Quote from: WaffleHouse2t2 on October 17, 2022, 10:36:28 PMexiftool -progress: -fast2 -f -if '$FileTypeExtension ne ($FileName =~ s/^.*\.//r)' -p '$Directory $FileName $FileTypeExtension' -r. * | sort
I tried putting the ($FileName =~ s/^.*\.//r) into the -p, but it doesn't work. Any suggestions? I would like to print it in case the result is unexpected.
So the object here is to print only the extension for the file?

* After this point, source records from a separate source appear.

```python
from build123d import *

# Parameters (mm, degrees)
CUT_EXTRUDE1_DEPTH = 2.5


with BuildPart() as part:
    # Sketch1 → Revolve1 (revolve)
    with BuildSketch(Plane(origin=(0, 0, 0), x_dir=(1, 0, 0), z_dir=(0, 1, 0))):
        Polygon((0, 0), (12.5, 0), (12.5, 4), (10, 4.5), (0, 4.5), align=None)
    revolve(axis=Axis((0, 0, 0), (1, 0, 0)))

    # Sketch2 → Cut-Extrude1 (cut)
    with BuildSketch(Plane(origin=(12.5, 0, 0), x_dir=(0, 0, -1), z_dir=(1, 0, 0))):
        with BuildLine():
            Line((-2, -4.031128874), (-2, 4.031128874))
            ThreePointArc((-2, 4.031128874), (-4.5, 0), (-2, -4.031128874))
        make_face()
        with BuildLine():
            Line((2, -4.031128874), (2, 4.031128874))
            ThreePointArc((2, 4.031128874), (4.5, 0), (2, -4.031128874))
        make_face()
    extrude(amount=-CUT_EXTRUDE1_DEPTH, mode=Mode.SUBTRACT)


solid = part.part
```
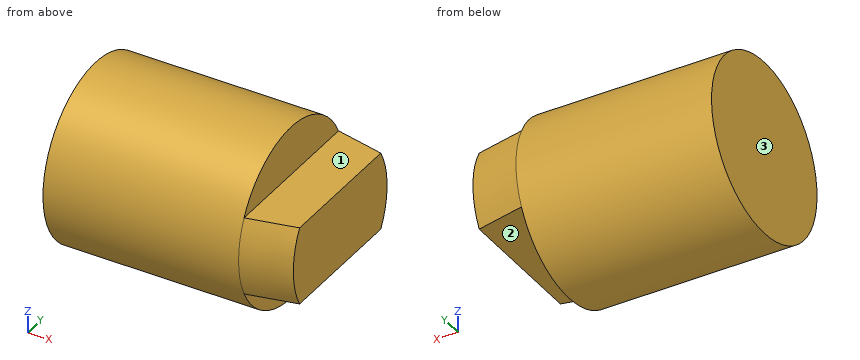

${Filename;s/^.*\.//}I had to look up the
r modifier. You don't need to use it in the
-if option (https://exiftool.org/exiftool_pod.html#if-NUM-EXPR) and you wouldn't want to use it with the
-p (
-printFormat) option (https://exiftool.org/exiftool_pod.html#p-FMTFILE-or-STR--printFormat) as you want an edited value. Note that any alterations using the Advanced formatting feature (https://exiftool.org/exiftool_pod.html#Advanced-formatting-feature) only apply locally to that instance. So using something like
-p '${Filename;s/^.*\.//} $FileName'will only change the output in the first instance. The original value is unchanged.
You may come across the
-FileOrder option (https://exiftool.org/exiftool_pod.html#fileOrder-NUM---TAG), which can be used to sort on any tag. But in your case, piping into
sort would be better as
-FileOrder makes two passes over the files, so it is much slower for simply printing the data.